### Directions
Starting at the top of the records, output every line through the one that contains "#12 horse figurine [303,0,510,181]", keeping each exactly as it appears.
===============
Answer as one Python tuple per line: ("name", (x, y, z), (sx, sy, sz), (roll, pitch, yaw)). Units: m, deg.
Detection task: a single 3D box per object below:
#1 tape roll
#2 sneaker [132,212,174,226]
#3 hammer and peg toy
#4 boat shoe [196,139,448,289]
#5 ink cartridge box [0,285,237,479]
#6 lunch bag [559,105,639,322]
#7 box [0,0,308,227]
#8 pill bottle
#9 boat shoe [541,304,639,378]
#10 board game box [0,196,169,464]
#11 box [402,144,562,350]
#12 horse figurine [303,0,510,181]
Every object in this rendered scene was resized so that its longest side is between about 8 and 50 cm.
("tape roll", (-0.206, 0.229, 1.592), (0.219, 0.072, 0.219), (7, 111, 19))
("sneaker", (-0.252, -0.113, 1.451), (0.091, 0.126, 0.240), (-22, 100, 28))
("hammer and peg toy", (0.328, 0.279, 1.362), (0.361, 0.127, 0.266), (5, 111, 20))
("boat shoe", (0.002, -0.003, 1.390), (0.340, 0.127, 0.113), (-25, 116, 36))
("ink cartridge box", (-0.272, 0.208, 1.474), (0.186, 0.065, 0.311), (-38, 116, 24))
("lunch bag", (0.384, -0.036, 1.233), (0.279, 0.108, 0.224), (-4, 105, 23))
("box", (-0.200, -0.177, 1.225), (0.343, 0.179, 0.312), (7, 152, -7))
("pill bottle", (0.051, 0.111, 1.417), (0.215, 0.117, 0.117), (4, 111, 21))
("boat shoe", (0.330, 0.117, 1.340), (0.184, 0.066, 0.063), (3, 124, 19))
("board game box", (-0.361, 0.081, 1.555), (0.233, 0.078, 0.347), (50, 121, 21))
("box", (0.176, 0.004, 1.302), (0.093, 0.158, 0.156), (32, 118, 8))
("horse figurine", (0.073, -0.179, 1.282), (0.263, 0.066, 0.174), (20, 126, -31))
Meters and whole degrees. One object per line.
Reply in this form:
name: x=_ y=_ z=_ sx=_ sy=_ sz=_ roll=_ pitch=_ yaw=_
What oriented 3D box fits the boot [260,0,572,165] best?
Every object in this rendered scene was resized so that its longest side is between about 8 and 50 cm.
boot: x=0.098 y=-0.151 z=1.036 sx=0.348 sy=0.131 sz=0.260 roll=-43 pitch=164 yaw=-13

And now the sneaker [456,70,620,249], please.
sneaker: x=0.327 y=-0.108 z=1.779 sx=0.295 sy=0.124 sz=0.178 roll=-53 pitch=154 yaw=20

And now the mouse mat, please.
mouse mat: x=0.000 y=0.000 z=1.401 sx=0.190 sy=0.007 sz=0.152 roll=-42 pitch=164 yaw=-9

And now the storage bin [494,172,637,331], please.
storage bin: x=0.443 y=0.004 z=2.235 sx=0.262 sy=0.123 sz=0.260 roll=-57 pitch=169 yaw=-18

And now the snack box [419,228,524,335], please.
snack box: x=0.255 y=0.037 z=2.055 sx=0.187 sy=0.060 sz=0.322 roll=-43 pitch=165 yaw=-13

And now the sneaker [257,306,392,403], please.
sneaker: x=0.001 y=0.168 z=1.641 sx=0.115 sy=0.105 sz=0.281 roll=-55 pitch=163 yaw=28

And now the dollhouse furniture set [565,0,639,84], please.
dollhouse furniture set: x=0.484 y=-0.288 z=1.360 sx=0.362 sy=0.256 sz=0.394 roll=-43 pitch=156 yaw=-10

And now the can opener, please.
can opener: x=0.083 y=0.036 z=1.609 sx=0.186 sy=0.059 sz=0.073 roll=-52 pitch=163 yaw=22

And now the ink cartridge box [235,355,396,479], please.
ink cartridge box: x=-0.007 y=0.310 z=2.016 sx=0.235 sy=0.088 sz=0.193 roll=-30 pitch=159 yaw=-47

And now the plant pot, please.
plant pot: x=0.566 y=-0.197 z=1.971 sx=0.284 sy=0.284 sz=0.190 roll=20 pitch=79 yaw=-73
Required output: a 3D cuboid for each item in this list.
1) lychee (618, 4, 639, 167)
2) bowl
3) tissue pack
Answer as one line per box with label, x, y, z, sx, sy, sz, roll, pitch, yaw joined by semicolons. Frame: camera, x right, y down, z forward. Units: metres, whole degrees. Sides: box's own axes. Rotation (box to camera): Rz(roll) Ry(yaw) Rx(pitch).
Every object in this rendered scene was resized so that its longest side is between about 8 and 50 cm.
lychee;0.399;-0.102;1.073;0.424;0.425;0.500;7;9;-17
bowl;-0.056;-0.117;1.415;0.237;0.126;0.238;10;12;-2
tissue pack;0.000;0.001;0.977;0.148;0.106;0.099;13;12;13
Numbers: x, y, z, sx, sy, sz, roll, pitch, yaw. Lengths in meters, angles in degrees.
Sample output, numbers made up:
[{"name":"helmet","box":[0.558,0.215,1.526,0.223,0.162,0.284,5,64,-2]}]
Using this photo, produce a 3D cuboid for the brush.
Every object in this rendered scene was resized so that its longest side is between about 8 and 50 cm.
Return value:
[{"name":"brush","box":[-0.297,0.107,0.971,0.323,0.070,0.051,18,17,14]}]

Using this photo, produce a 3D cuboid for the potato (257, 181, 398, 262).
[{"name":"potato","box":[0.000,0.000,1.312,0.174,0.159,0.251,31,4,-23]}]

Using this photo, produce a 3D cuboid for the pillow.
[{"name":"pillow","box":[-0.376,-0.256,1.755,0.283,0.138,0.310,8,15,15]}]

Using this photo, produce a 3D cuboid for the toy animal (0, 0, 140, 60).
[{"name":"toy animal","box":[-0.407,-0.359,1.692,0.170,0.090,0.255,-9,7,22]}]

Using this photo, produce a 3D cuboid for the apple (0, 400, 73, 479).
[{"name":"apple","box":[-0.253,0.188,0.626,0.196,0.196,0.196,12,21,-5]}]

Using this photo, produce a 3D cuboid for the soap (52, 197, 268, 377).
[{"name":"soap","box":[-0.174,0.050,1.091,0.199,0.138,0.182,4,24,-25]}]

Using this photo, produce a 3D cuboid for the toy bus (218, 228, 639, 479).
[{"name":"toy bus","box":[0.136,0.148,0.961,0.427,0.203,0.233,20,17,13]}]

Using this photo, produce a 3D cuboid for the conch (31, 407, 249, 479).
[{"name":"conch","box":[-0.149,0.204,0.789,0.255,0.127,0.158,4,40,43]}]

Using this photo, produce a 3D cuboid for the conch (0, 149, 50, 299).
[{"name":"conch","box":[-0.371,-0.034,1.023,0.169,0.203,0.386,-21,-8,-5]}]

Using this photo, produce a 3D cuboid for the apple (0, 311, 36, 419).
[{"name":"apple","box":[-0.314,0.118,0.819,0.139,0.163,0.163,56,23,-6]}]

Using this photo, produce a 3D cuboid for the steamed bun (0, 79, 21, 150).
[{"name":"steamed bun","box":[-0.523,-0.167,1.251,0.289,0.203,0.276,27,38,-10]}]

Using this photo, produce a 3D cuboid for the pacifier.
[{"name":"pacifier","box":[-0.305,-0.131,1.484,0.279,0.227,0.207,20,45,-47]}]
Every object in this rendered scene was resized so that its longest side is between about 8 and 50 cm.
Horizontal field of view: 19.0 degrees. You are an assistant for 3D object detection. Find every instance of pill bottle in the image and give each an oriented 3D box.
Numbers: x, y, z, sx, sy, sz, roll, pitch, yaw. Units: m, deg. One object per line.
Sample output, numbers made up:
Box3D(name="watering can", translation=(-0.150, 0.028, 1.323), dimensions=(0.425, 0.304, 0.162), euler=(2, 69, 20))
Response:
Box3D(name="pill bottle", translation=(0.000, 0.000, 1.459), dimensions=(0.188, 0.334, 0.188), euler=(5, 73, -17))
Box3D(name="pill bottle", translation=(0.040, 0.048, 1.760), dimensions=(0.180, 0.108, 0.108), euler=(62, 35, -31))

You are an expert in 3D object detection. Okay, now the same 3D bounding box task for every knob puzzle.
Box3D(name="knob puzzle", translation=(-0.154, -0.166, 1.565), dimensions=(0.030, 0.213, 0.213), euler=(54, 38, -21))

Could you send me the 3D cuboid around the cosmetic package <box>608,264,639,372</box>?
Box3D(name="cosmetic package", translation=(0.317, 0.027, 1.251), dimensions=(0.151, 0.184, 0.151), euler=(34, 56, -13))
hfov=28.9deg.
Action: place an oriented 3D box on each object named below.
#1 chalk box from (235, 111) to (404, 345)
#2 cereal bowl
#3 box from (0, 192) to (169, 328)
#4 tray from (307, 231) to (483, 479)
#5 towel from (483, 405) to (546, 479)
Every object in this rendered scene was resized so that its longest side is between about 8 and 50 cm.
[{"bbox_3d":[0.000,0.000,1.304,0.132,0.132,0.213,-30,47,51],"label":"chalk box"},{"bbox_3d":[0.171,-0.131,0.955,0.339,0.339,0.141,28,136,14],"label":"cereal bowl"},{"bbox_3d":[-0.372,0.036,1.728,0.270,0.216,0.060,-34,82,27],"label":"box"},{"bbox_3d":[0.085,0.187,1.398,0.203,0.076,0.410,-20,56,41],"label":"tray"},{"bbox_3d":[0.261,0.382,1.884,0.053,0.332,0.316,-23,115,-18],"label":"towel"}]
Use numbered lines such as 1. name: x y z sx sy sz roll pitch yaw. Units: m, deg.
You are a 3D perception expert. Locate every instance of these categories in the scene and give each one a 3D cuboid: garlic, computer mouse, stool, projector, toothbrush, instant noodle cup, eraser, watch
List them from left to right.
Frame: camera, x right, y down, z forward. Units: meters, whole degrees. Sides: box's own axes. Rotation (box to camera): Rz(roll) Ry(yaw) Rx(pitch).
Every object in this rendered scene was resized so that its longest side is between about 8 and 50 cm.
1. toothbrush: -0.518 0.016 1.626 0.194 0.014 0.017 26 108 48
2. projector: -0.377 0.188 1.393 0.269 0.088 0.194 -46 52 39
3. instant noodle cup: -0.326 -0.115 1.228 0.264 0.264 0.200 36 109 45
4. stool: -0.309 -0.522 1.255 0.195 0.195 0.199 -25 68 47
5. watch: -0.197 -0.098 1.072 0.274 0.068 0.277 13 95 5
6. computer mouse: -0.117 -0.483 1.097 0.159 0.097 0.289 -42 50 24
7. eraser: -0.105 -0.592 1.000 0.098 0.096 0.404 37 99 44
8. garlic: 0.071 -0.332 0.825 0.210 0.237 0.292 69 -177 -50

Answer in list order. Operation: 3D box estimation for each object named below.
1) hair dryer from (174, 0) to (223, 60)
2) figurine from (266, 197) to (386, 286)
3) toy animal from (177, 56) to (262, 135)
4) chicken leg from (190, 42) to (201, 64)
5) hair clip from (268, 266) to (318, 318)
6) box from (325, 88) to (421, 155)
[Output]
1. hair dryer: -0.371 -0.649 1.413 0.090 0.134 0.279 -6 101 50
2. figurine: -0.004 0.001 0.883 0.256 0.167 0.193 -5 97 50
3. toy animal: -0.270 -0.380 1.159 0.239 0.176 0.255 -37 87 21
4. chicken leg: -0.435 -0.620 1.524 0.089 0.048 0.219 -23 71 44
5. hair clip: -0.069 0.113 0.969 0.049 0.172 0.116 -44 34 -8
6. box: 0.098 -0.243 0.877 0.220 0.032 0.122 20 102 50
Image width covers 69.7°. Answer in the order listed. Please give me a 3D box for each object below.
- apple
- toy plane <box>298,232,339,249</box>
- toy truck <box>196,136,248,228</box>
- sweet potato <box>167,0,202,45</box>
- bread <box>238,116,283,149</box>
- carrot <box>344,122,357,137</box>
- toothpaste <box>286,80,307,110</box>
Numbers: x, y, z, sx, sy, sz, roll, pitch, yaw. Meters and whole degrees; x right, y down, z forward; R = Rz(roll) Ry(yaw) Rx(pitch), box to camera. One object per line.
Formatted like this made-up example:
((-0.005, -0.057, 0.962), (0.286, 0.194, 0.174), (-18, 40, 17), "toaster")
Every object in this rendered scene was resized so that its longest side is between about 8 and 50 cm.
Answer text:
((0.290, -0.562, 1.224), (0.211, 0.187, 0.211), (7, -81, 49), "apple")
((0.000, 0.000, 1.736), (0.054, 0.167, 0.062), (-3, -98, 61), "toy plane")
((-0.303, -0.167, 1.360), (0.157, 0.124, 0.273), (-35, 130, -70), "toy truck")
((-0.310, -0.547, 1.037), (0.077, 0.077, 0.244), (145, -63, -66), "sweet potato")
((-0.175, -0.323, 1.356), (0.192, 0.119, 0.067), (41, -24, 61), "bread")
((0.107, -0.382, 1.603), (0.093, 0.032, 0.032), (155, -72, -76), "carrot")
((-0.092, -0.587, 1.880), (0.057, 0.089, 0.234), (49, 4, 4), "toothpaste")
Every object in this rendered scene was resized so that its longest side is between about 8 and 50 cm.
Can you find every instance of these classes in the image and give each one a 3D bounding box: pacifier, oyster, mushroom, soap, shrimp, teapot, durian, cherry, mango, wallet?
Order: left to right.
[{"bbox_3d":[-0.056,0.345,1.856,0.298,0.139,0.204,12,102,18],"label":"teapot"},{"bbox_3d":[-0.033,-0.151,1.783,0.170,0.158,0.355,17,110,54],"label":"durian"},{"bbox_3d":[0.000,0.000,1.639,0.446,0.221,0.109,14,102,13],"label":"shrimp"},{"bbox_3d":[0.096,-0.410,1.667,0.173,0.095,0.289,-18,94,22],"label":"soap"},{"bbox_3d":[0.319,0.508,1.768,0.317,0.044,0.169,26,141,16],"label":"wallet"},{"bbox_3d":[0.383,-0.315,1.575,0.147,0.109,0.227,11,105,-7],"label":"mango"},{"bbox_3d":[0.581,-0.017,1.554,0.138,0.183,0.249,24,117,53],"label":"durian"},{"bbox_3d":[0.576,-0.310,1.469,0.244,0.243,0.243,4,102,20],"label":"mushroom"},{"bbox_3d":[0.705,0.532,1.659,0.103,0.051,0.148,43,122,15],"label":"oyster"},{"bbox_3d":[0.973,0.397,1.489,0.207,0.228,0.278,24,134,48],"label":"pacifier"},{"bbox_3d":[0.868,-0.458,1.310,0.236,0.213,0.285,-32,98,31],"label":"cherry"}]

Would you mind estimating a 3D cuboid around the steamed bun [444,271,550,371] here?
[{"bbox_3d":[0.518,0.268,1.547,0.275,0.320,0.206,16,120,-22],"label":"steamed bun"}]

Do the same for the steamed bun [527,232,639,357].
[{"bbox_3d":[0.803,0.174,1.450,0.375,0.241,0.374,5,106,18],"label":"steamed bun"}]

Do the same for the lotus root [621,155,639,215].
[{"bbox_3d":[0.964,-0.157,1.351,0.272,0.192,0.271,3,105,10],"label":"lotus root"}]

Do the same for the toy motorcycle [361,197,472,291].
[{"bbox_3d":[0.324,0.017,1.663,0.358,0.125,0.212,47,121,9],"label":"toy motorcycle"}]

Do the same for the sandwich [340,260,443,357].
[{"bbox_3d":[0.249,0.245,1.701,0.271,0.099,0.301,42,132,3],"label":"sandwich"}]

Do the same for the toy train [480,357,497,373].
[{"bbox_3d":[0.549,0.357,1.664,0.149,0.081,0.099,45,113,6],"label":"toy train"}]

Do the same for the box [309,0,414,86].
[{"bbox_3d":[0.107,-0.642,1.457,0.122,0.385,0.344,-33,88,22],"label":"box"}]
===============
### Completed exercise
Answer as one Python tuple per line: ("name", (x, y, z), (sx, sy, sz), (roll, pitch, yaw)). Units: m, deg.
Detection task: a single 3D box per object below:
#1 tape roll
#2 sneaker [132,212,174,226]
#3 hammer and peg toy
#4 boat shoe [196,139,448,289]
#5 ink cartridge box [0,285,237,479]
#6 lunch bag [559,105,639,322]
#7 box [0,0,308,227]
#8 pill bottle
#9 boat shoe [541,304,639,378]
#10 board game box [0,196,169,464]
#11 box [402,144,562,350]
#12 horse figurine [303,0,510,181]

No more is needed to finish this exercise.